Baltimore & Ohio Railroad v. United States

52 Ct. Cl. 468, 1917 U.S. Ct. Cl. LEXIS 67, 1917 WL 1323
CourtUnited States Court of Claims
DecidedJune 14, 1917
DocketNo. 33172
StatusPublished
Cited by27 cases

This text of 52 Ct. Cl. 468 (Baltimore & Ohio Railroad v. United States) is published on Counsel Stack Legal Research, covering United States Court of Claims primary law. Counsel Stack provides free access to over 12 million legal documents including statutes, case law, regulations, and constitutions.

Bluebook
Baltimore & Ohio Railroad v. United States, 52 Ct. Cl. 468, 1917 U.S. Ct. Cl. LEXIS 67, 1917 WL 1323 (cc 1917).

Opinion

Downey, Judge,

reviewing the facts found to be established, delivered the opinion of the court:

The plaintiff’s action is for the recovery of a sum made up of amounts alleged to be due on several hundred different items of freight transportation furnished the United States within six years next before the commencement of the action. Much the larger part is made up' of amounts alleged to be due on account of the transportation of Army officers’ baggage on permanent change of station under orders, the [472]*472smaller amounts aggregating about one-sixteenth of the whole claim, being for transportation furnished for the Treasury Department, the Department of Commerce and Labor, the Navy Department, and the Department of Agriculture.

In no instance is it sought to recover the whole amount alleged to have accrued to the plaintiff on account of any shipment, but as to each shipment it is sought to recover an amount in addition to that already paid, and the amount sought to be recovered is the difference between the commercial rates on each shipment and the land-grant rates, or, in other words, the commercial rate less land grant, on which basis payment was made. The petition presents the various transactions as unauthorized deductions by the accounting officers, but we have not so characterized them in the findings. The reason will appear as the discussion proceeds.

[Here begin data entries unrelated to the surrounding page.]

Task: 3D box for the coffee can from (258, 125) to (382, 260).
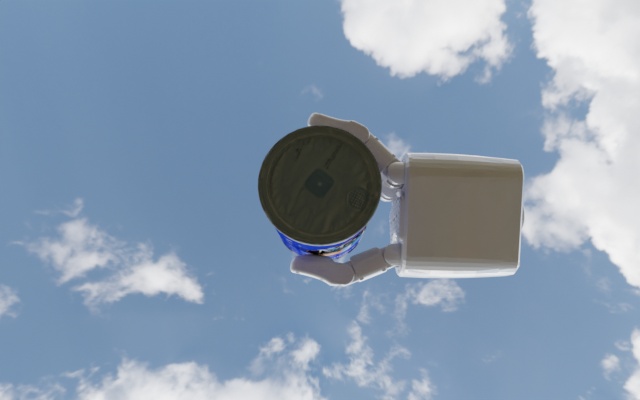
[{"bbox_3d":[0.000,0.002,0.459,0.103,0.102,0.140,0,-13,1],"label":"coffee can"}]
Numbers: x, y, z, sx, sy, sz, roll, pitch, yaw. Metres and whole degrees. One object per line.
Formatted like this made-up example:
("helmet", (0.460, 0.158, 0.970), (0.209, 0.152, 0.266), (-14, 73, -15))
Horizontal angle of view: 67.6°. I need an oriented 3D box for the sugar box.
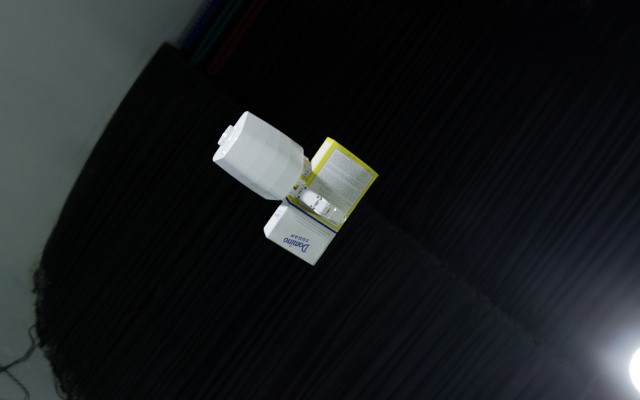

The case is presented on a very meager record, and as to some matters of possible importance we are left without any showing by way of evidence with reference to these particular transactions, and must, so far as we can, apply our knowledge of established Government methods of which we may take judicial notice.

Settlement has been made as to each of the items involved, but so far as the evidence is concerned we are not infórmed as to the method or channel of settlement. No freight bills or vouchers are presented and no evidence shows us by whom the various payments were made. The petition alleges that the accounting officers of the several departments ” made deductions, and we are asked so to find, but Government methods as to the bulk of the transactions and such meager evidence as we have do not sustain this allegation. The accounting officers ” — and the scope of the designation is well understood — do many times make deductions from claims filed against the Government, but very many claims are never the subject of direct settlement by the auditors and never reach the comptroller, and as to them it can not be said that the accounting officers have made deductions.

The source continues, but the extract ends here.